We need to reproduce hotspot in StackDB. Maybe just giving it larger hash table will help enough. So then there will be no need to go back to KissDB.
Yes, I could strip the ubuntu build. It's the default linode build, so I don't think it has any GUI or anything installed. Actually, it doesn't even come with a web server installed.
Here's top output sorted by RES column:
Tasks: 88 total, 1 running, 49 sleeping, 0 stopped, 0 zombie %Cpu(s): 0.0 us, 0.3 sy, 0.0 ni, 99.7 id, 0.0 wa, 0.0 hi, 0.0 si, 0.0 st KiB Mem : 1009052 total, 160104 free, 80288 used, 768660 buff/cache KiB Swap: 262140 total, 262140 free, 0 used. 753708 avail Mem
You don't need to do anything. It uses only 80MB, 160+768 is free. Almost all is in cache because that's the only sensible use for it in this situation. Once some program starts using it, system will reclaim almost all of it.
The micro Linodes that I'm using have 1GiB system RAM.
I just installed a fresh Ubuntu node for testing, and with nothing of mine running, there are 226M free.
Where it goes? Are you sure you don't count cache as used?
Can you strip it? I always run such systems with no gui, nothing unimportant running. So I'm used to having 90%+ RAM free after boot. Just checked now, even with simple gui 188M/1536M, everything else is free or cache.
The only point I can see to holding the hash table in RAM is that it speeds up NULL results. And those are rather common, I suppose.
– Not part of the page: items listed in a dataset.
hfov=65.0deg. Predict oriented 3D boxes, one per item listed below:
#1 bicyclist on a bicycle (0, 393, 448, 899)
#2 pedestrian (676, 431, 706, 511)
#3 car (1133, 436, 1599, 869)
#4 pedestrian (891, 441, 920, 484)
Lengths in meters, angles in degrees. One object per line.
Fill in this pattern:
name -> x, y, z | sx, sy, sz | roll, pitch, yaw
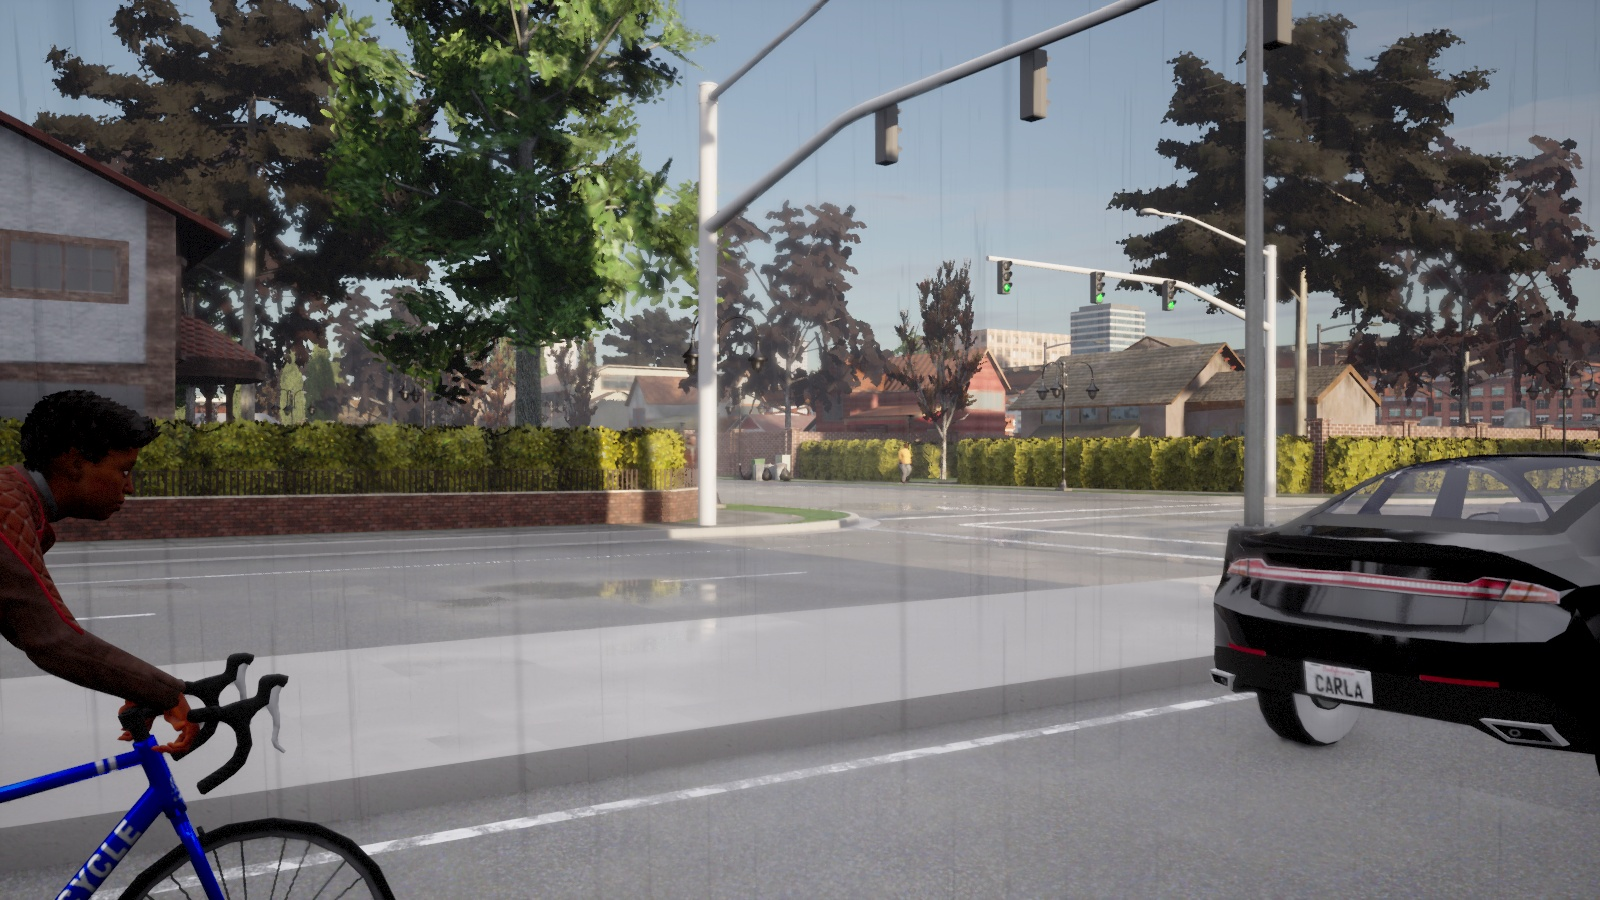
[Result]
bicyclist on a bicycle -> -1.623, 0.707, 2.528 | 1.656, 1.620, 0.582 | 0, 0, -35
pedestrian -> -2.567, 0.488, 29.616 | 0.376, 1.854, 0.720 | 0, 0, -37
car -> 4.234, 0.708, 6.605 | 4.902, 1.511, 2.128 | 0, 0, -35
pedestrian -> 4.566, 0.534, 54.519 | 0.874, 1.855, 0.900 | 0, 0, -34

Yes, no I/O for null result. You can compress all pages except first. They will take next to nothing in 50% case. But it's stopgap solution, so probably not worth looking into.
Also, all this testing is happening on a magnetic platter hard drive.
If it fits in cache, it shouldn't matter. If it doesn't, it'll be 100-1000 times slower.
Ah. Max bin depth for KISSDB is 31.
Thus, there's not some insane "hot spot" in the djb2 hash that's causing a bunch of values to get piled in one bin.
31 for 50% load? If that's not a typo, it's horrible. I would expect 2-4.
EDIT: I've missed that it's for 2500% version.
On collision, KISSDB is going to insert a whole new page of the entire table, so that's not good either.
That's the weakest point of its design. The goal is to get right hash function and load low enough for keep longest chain to 2-3 items. Almost all items should be in first table.
Also the "Used ______ bytes" lines are recording changes in the total size of allocated memory. So you can see that KISSDB is using quite a bit of RAM here
it uses 8 bytes per hash table pointer. You can halve memory use it by changing uint64 to 32 (will alter disk format as well).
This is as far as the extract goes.